Fikri Faqih: Serapan Anggaran Kebudayaan Rendah, Sejarah Butuh Dokumentasi Komprehensif
PARLEMENTARIA, Jakarta - Anggota Komisi X DPR RI Abdul Fikri Faqih menyoroti dua isu krusial usai rapat kerja dengan Menteri Kebudayaan, yakni rendahnya serapan anggaran dan pentingnya dokumentasi sejarah kebudayaan secara komprehensif.
Fikri, sapaan akrabnya, menyatakan terkejut ketika Menteri Kebudayaan mengangkat isu sejarah, mengingat agenda utama rapat berfokus pada anggaran. Namun, ia menekankan bahwa pembahasan sejarah adalah hal yang amat penting dan membutuhkan penjelasan memadai.
Legislator dari Fraksi Partai Keadilan Sejahtera (F-PKS) ini mencontohkan pengalamannya saat bertemu dengan Duta Besar Australia, Rodrick Brazier. Kala itu, Duta Besar Rodrick mempertanyakan keberadaan "official history" atau sejarah resmi Indonesia, yang kemudian memicu pertanyaan tentang "non-official history" atau sejarah tidak resmi.

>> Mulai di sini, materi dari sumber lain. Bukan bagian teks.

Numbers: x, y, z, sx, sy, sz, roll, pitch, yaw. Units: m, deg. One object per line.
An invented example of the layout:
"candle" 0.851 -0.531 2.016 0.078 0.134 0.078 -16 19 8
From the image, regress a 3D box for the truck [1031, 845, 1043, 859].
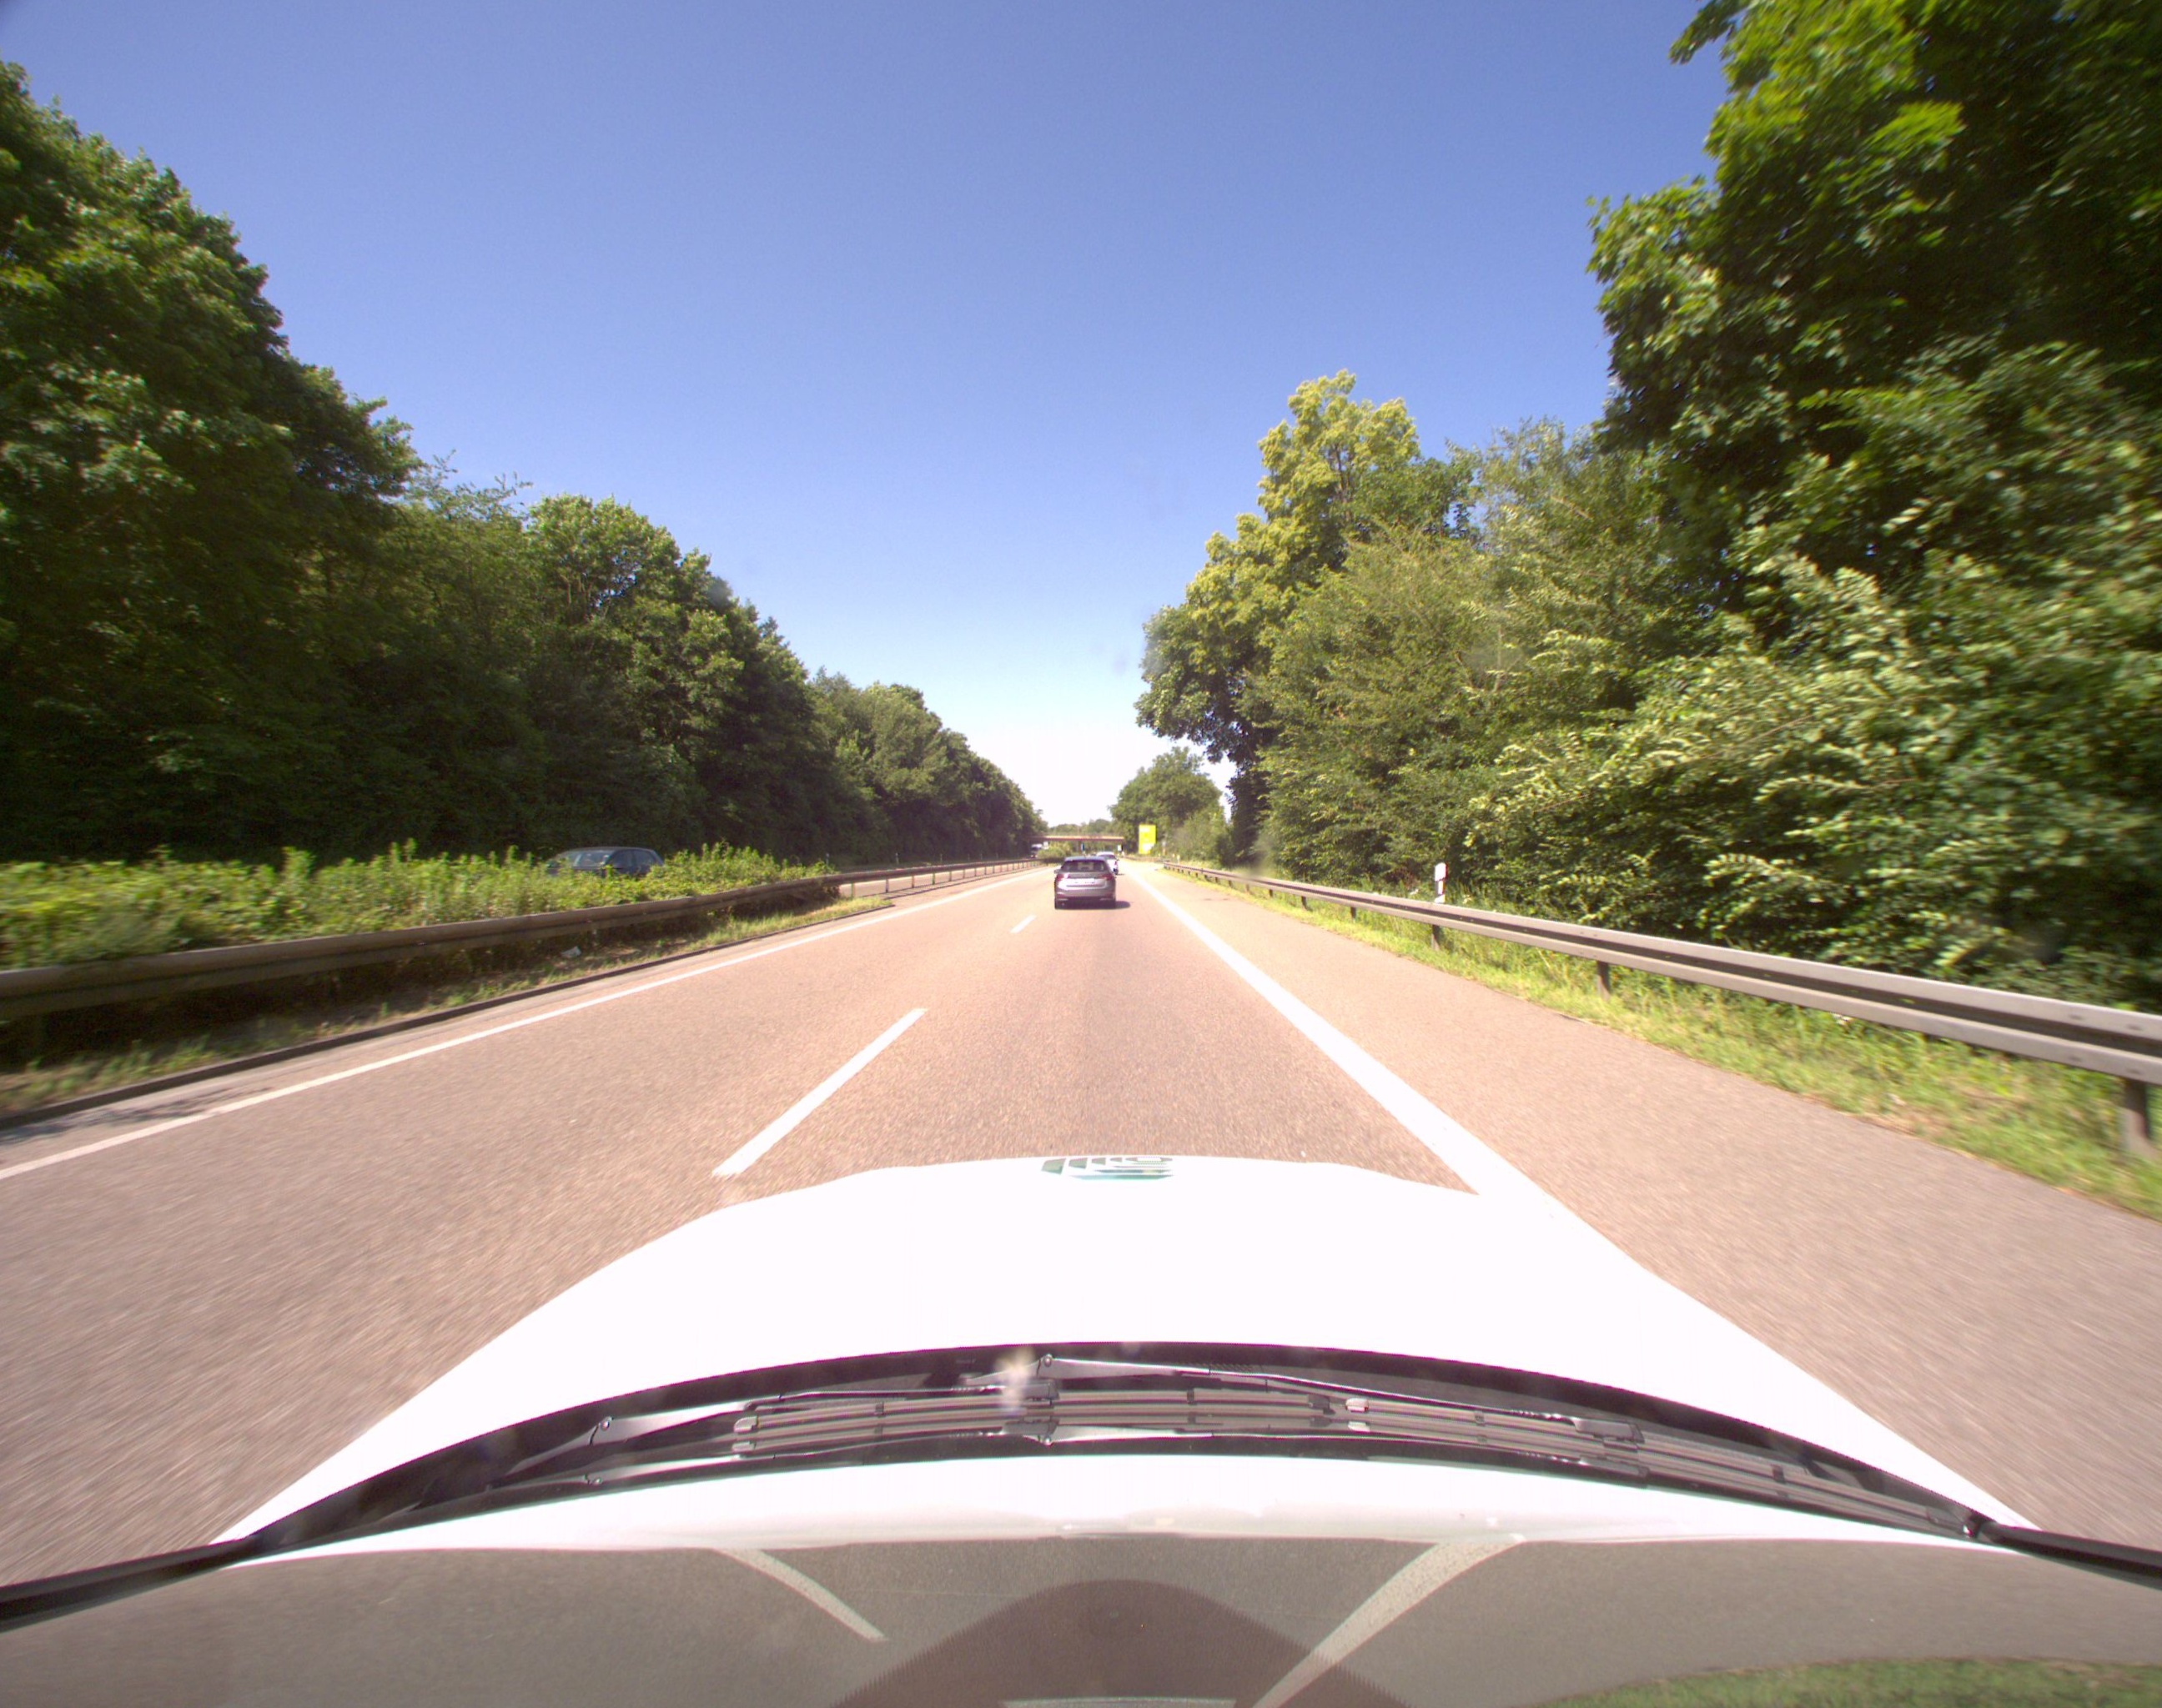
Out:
"truck" -9.902 -0.439 183.681 2.416 3.258 4.002 0 0 2

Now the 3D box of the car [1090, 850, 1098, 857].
"car" 3.698 -0.161 228.305 1.986 2.013 4.002 0 0 2

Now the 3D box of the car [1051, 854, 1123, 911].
"car" 0.242 0.740 23.215 1.832 1.472 3.627 0 0 3

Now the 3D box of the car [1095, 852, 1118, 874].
"car" 1.802 0.620 56.409 1.516 1.446 3.343 0 0 3

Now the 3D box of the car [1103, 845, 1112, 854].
"car" 7.832 -1.404 241.813 2.738 2.654 4.002 0 0 2

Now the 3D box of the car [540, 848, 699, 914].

Menurut Fikri, idealnya berbagai versi sejarah dapat didokumentasikan. Ini mencakup sudut pandang dari pihak-pihak yang berbeda, seperti versi pasukan yang tidak berpihak kepada Pangeran Diponegoro, versi Pangeran Diponegoro sendiri, bahkan versi dari pihak Belanda.
“Contoh sejarah tentang Babad Diponegoro itu ditulis paling tidak tiga versi: versi Pangerang Diponegoro sendiri, versi Belanda, bahkan versi pelaku yakni eks Bupati Purworejo,” ujar Fikri dalam keterangan persnya kepada Parlementaria Senin (7/7/2025) di Jakarta.
Ia menambahkan bahwa istilah "pejuang" dan "pemberontak" bisa berbeda tergantung sudut pandang. Pendekatan ini, menurutnya, akan lebih adil dan memungkinkan logika akademik untuk menguji serta menentukan versi mana yang valid untuk kepentingan penelitian atau riset sejarah.
Di sisi lain, terkait isu anggaran, Fikri menyoroti rendahnya penyerapan anggaran Kementerian Kebudayaan. Hingga 27 Juni 2025, rata-rata penyerapan anggaran mitra Komisi X DPR RI, termasuk Kementerian Kebudayaan, baru mencapai 19,41%.
Angka ini jauh tertinggal dibandingkan Badan Riset dan Inovasi Nasional (BRIN) dan Badan Pusat Statistik (BPS) yang serapannya mencapai lebih dari 40%.
"Meskipun bukan hanya serapan, namun ini kompetisi akuntabilitas dan nilai manfaat. Tapi Kemenbud harus berusaha lebih keras lagi menggesa pelaksanaan program," jelas Fikri.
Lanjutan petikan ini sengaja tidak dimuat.